Required work — First find the line with "Offer a very short reply. 0." in the entries below, then set down exactly every line through the line with "Provide a succinct", that line included.

[Records contained in a dataset]

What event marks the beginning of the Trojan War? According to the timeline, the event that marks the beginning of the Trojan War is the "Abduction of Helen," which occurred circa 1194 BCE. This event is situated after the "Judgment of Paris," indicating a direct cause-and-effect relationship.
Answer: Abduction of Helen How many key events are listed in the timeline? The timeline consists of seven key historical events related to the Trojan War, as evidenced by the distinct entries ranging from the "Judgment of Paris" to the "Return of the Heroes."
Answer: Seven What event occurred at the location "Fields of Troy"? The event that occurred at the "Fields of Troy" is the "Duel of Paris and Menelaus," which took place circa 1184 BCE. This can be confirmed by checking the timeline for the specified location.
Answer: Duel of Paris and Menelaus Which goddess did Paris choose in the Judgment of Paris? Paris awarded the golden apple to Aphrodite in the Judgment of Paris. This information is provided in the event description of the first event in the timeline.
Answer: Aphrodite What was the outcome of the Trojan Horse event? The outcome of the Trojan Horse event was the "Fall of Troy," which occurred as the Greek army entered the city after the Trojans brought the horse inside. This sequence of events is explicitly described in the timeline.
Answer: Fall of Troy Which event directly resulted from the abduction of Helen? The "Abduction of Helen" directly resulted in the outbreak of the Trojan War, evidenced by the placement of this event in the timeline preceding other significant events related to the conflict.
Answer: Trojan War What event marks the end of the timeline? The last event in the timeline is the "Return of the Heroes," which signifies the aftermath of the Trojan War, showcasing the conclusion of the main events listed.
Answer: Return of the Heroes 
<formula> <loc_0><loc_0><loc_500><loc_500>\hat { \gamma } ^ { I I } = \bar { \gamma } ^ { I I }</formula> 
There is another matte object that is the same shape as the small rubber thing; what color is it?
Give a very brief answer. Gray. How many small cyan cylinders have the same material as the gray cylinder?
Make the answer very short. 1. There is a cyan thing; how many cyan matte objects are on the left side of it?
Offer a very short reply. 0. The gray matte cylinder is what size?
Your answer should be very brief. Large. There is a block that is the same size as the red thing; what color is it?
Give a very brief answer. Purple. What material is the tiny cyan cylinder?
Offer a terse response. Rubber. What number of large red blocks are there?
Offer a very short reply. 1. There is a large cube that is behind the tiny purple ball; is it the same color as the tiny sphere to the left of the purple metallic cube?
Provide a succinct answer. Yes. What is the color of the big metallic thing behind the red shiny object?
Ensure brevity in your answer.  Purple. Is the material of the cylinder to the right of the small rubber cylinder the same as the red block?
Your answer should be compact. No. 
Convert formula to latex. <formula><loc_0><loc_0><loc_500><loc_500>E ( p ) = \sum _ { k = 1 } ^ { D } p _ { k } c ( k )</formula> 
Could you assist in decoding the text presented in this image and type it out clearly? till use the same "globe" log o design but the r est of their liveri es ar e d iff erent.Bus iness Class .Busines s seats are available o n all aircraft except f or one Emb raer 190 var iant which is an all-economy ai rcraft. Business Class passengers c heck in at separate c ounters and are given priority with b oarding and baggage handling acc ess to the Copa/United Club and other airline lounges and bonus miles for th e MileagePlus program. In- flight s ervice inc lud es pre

Answer space —
Offer a very short reply. 0. The gray matte cylinder is what size?
Your answer should be very brief. Large. There is a block that is the same size as the red thing; what color is it?
Give a very brief answer. Purple. What material is the tiny cyan cylinder?
Offer a terse response. Rubber. What number of large red blocks are there?
Offer a very short reply. 1. There is a large cube that is behind the tiny purple ball; is it the same color as the tiny sphere to the left of the purple metallic cube?
Provide a succinct answer. Yes. What is the color of the big metallic thing behind the red shiny object?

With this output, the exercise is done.